The answer to your second question is hard to answer. Did you enjoy your job, were you compensated well, were you appreciated for your skills? I am sure you count beans very well, not to belittle your task, just saying that the bottom line is you were payed to SPECULATE based on statistics.

I'm an engineer not a bean counter. The reason we use cycles and hours has nothing to do with bean counting. Those measures are surrogates for the strain history of the part in question and in metals that don't have a yield point (ie Everything except steel) the stress history determines when the component will fracture.

We make estimates based on experiment as to how long a component will last, then we apply safety factors to that estimate. When the aircraft is in service, we monitor all failures and continue testing to refine those estimates based on experience. In more than one case I dealt with, we actually reduced the number of failures by extending the time in service limits for an assembly, see if you can work out why.

In other words, try telling a turbine disk or a chunk of aluminium that its life in service is really infinite, it's just that bean counters make us change them.


Ozaub has already explained that Boeing had a problem with quality control in relation to the adhesive system it once used. That does not mean that the process was defective, it means that Boeing discovered after the fact that it could not precisely control the manufacturing conditions tightly enough to ensure a sufficiently reliable bonding system.

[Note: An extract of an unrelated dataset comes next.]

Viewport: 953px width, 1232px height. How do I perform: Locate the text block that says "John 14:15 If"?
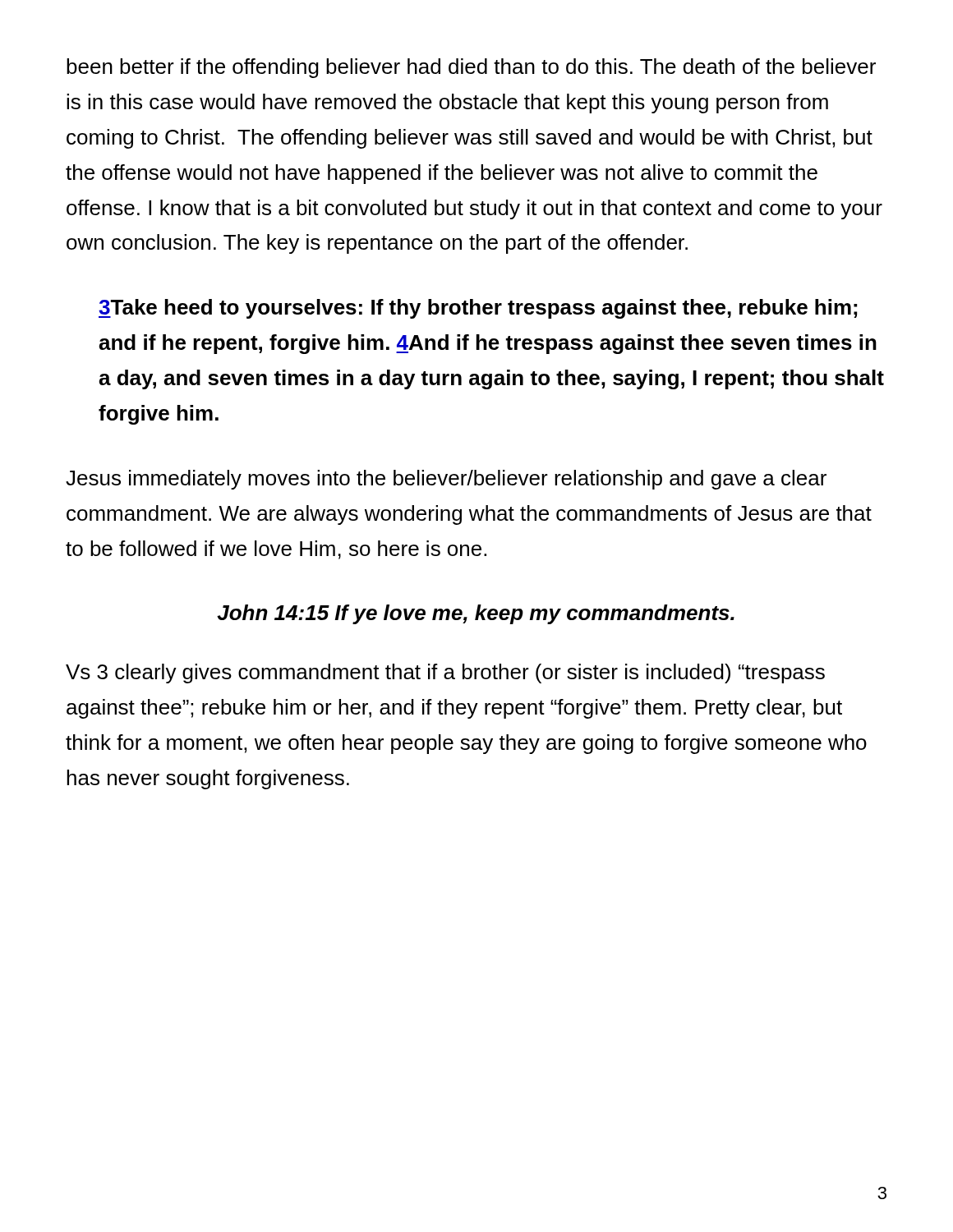[476, 612]

Before you yappers now scream for more of Boeing s blood, by "sufficiently", I do not mean 100% guarantee, I mean to an extent to where any defects are small enough to not result in stress concentration likely to cause severe crack growth during the expected service life of the aircraft which is god knows how many thousand hours and cycles (60,000 hrs? 60,000 cycles?).

The bloody aircraft has not done badly considering, and the safety measures worked as advertised. The only issue for Boeing is that the problem surfaced considerably earlier than expected.

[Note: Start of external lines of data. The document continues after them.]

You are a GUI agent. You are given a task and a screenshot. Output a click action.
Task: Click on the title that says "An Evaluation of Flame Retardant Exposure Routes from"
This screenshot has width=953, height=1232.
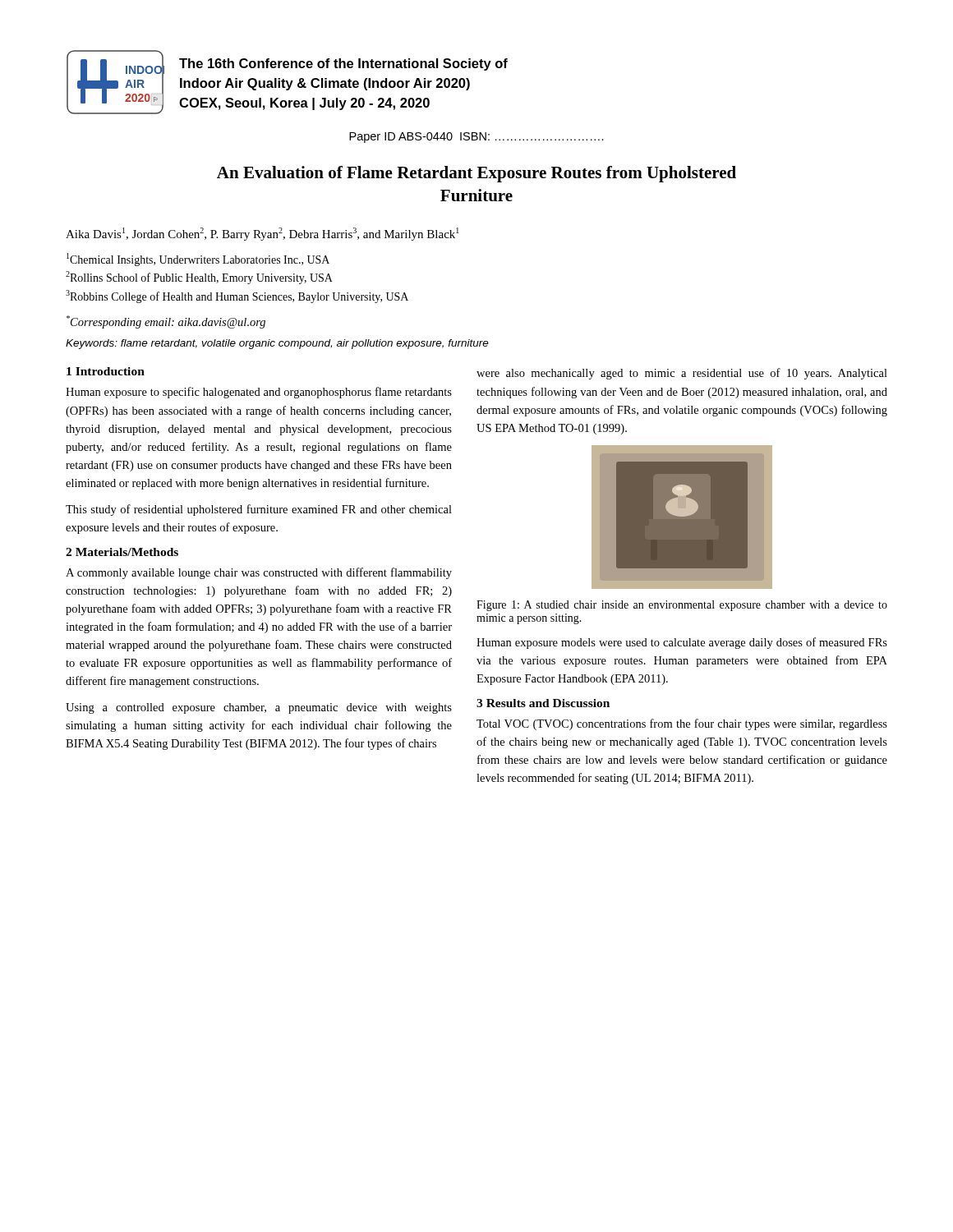point(476,184)
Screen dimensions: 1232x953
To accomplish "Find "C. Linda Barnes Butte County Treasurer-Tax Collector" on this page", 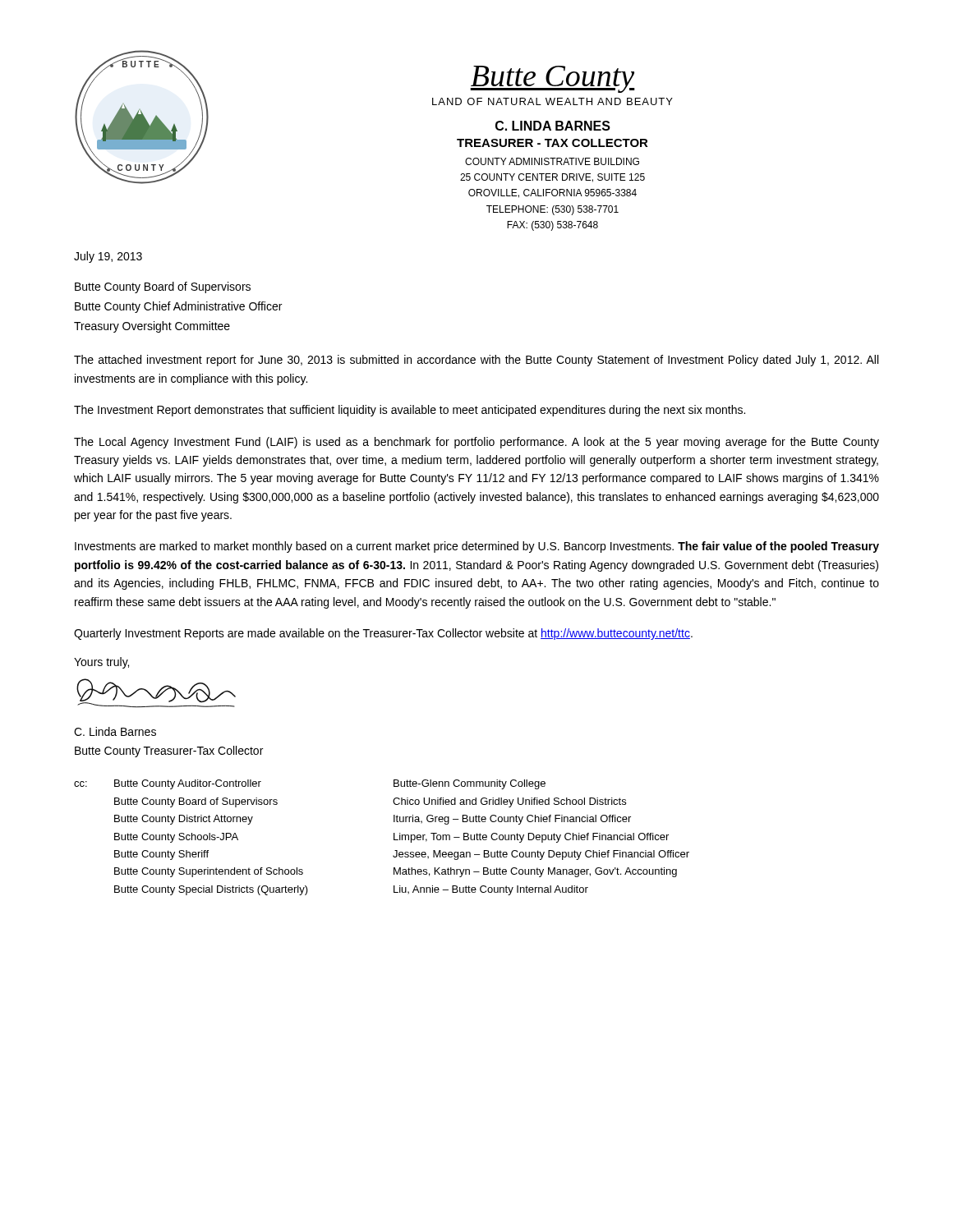I will (x=169, y=741).
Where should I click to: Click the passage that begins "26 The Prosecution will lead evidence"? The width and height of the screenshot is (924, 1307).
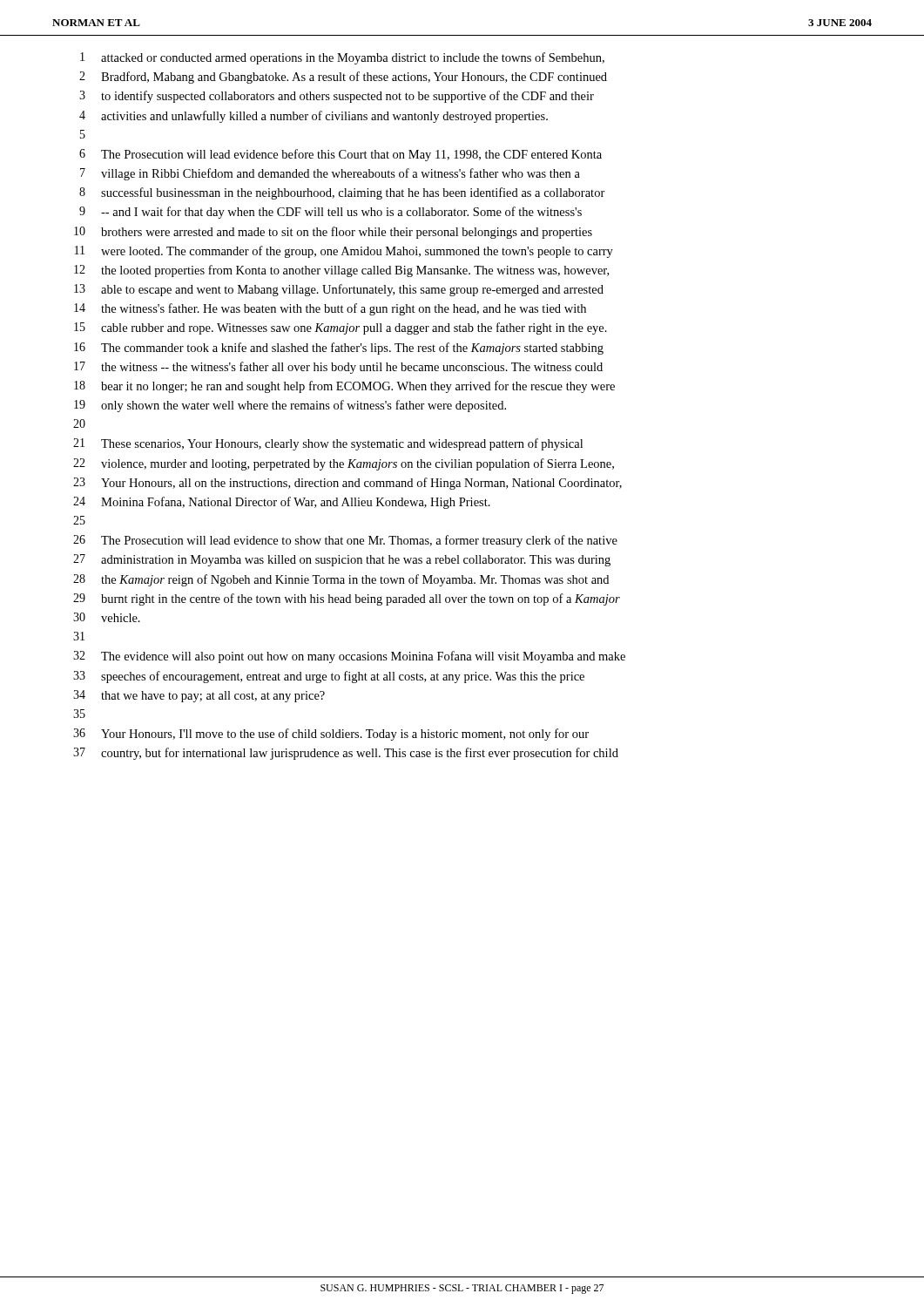pyautogui.click(x=462, y=579)

The question is now to work out how extensive the problem is and determine what the best inspection methods are and what the repair schemes are.

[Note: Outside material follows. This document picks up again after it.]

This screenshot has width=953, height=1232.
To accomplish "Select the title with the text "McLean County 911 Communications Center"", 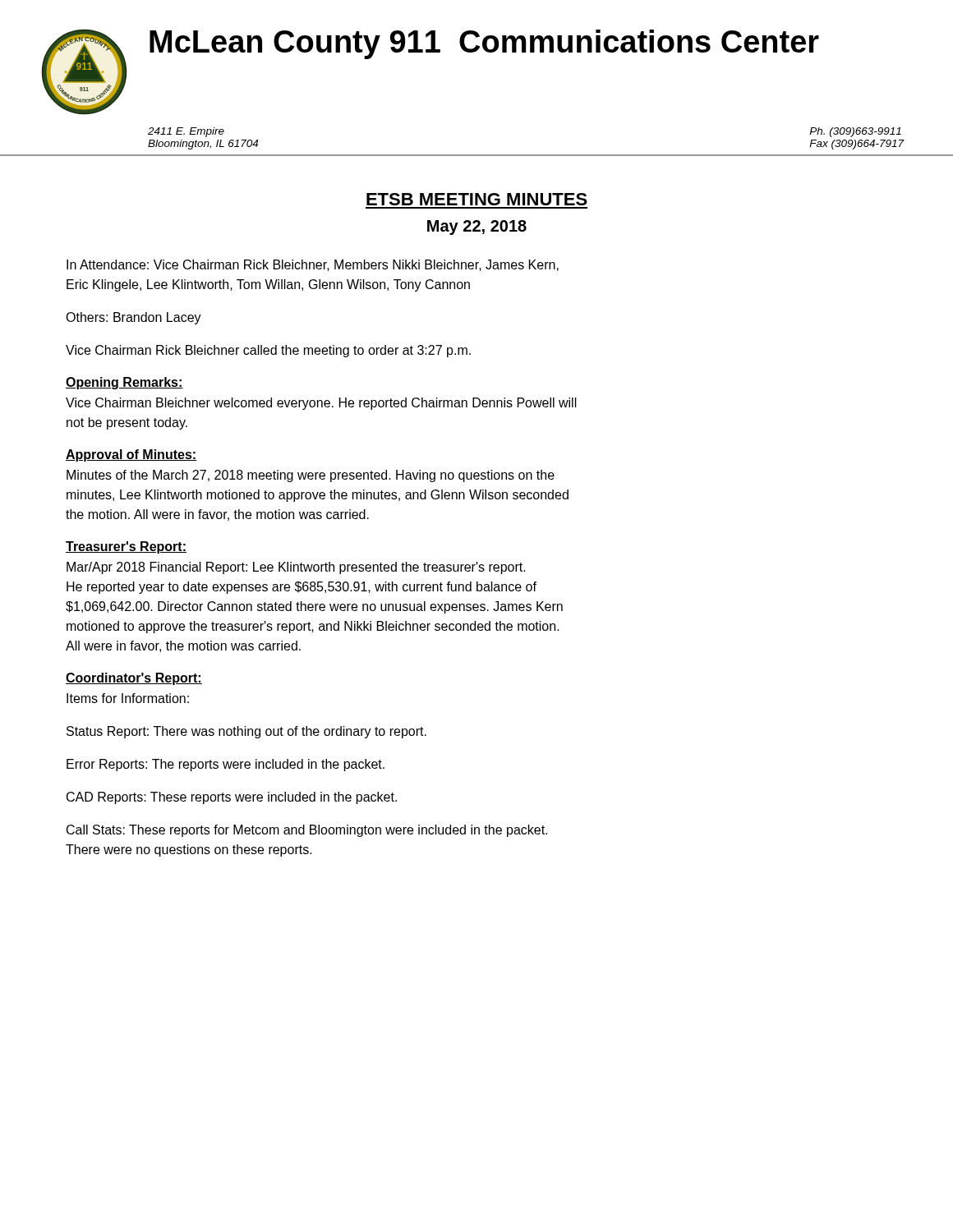I will (x=484, y=43).

I'm also getting fed up with what I term "The pprune effect" whereby every self proclaimed expert offers a solution from within their own expertise.

By that I mean; when there is an aircraft accident, Prune attracts the computer expert who posits the cause as a software problem. The chemist suggests the fuel was faulty. The teacher wonders about the pilot training and the lawyer blames it all on criminal negligence by the designer.

If you have never worked with aircraft, I wish some of you might be a little more tentative in coming to conclusions.

Last edited by Sunfish; 9th Apr 2011 at 02:11.